According to the article the draft law is a response to the use - and sometimes abuse - of Saddam regime documents, quoting Isakander:
"Some documents published in the press named people who were executed, and when, and where," Iskander said. "The didn't conceal the names of the victims."
"We don't have the right to publish the names of the victims and those who committed the crimes," he said. "This is up to them."
Iskander also condemned the actions of some political parties, which have threatened to release documents allegedly showing candidates from opposing parties were members of Saddam's now-banned Baath party."I also wonder, however, if the draft law could also be related to the recent negotiations with the United States about the return of Iraqi documents in U.S. custody. Whether, for example, as a possible precondition for the return of the documents, the United States has urged Iraq to enact laws to control access to Iraqi records to alleviate concerns that repatriating Iraqi documents could either endanger individuals named in them or otherwise create further unrest or political instability.
The article describes both support for and concerns about the law. Decamme notes that an "Iraqi government spokesman Ali al-Dabbagh said the government would support such a law" and that "Iskander's proposal is also viewed kindly within the secular, Sunni-backed Iraqiya bloc, which saw some of its candidates face bans in the run-up to 2010 parliamentary polls over allegations of Baathist ties." At the same time, the article notes that "others warn that the proposed new law could place limits on freedom of the press":
"How can we remain silent when we see a document about former Baath party members which carries information about a genocide?" asked Ziad al-Ajili, the head of the Journalistic Freedoms Observatory, an Iraqi watchdog.
"Remaining silent is a crime. The crime is not to publish these documents," Ajili said.The draft law is significant news, but its extent and possible impact is unclear from the limited information in the article which indicates that the AFP did not have the full details of the law noting that Iskander "declined to reveal the details as the draft was still under review."
The specifics that are available are that, quoting Iskander, "This law will organise the level of access to information. Some information will be disclosed to the prime minister, some to judges. But not everybody will have access to all information." The article also notes that "Iskander said the draft law provides for penalties including fines and prison sentences for those who release documents without authorisation."
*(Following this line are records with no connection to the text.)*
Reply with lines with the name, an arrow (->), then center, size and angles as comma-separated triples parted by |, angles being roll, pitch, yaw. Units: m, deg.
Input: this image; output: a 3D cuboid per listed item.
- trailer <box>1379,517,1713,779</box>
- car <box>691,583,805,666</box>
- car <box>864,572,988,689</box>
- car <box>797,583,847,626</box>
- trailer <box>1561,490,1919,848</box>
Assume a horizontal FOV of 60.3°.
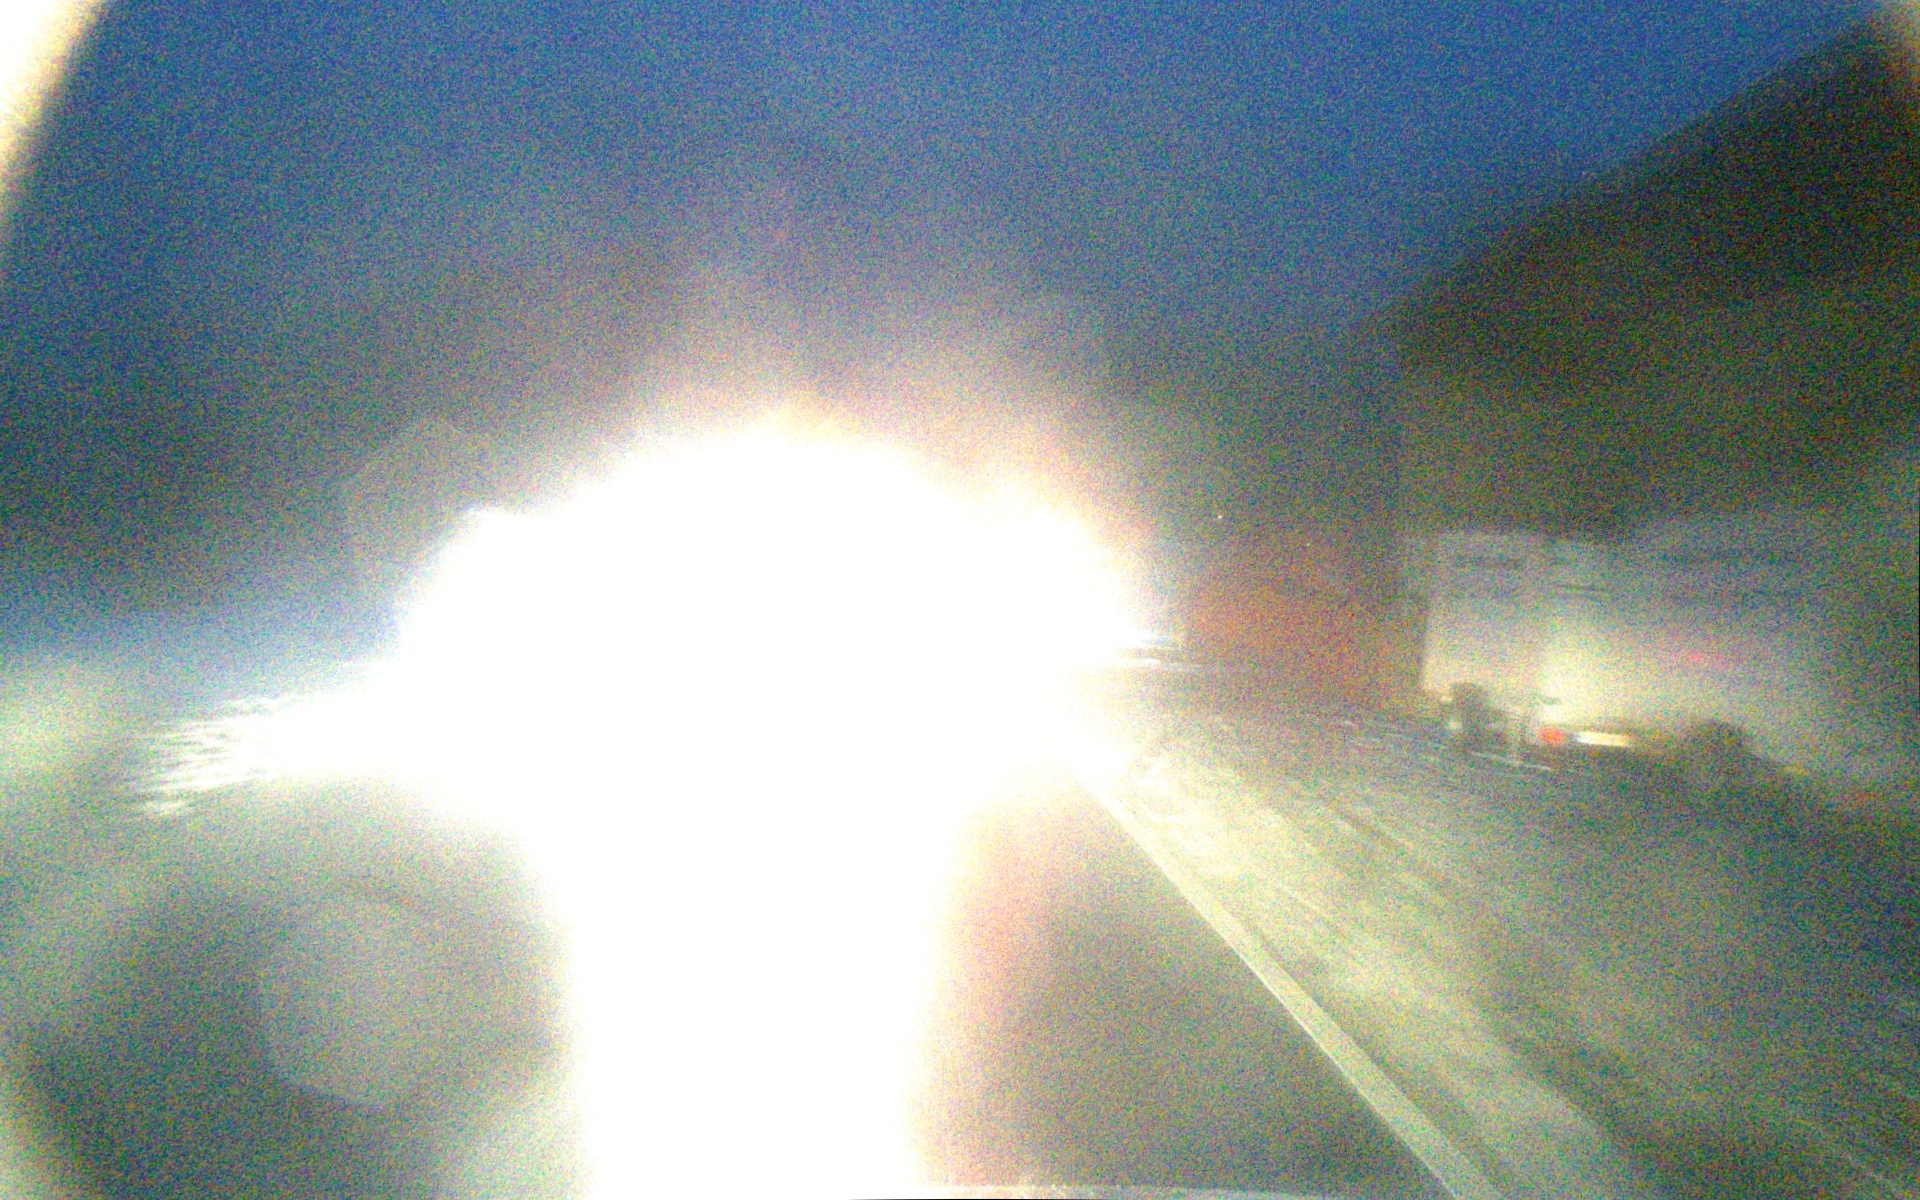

A central issue left unclear from the limited details in the article is the question of to which documents exactly the law would apply. Would all Saddam-era documents be encompassed or only those more sensitive documents that might contain personal information of victims? Also, would the law only cover those documents in Iraqi government custody or would the law purport to cover documents in private custody in Iraq, U.S. government custody in Qatar, the Ba'ath party documents at Hoover, the copies of Iraqi documents at the Conflict Records Research Center, or even the copies I've posted on the Captured Documents Index?
If any of that sounds far-fetched, it is important to compare the application of U.S. law. As has been illustrated in the case of Wikileaks, simply because documents have previously been released publicly by private actors does not mean that the government will not restrict access to them. See, e.g., the ACLU's exhibit that compares the redacted State Department cables it received via FOIA and the corresponding public Wikileaks cables and the court opinion upholding the State Department's redactions.
The U.S. prosecution of Bradley Manning also illustrates that the United States extends legal restrictions to copies of U.S. government documents in private hands. That is, Manning is not accused of removing U.S. classified documents (in a manner that would deprive the U.S. government of their use) but rather of making digital copies of them which he allegedly provided to Wikileaks. Several U.S. Circuit Courts of Appeal in fact have found that intangible confidential U.S. government information remains U.S. government property regardless of who owns the paper it is reproduced on. See, e.g., U.S. v. Girard or U.S. v. Jeter; see also the State Department Legal Advisor's initial letter to Julian Assange demanding that Wikileaks "return any and all classified U.S. government material in its possession."
Hopefully additional details about the draft law will be forthcoming.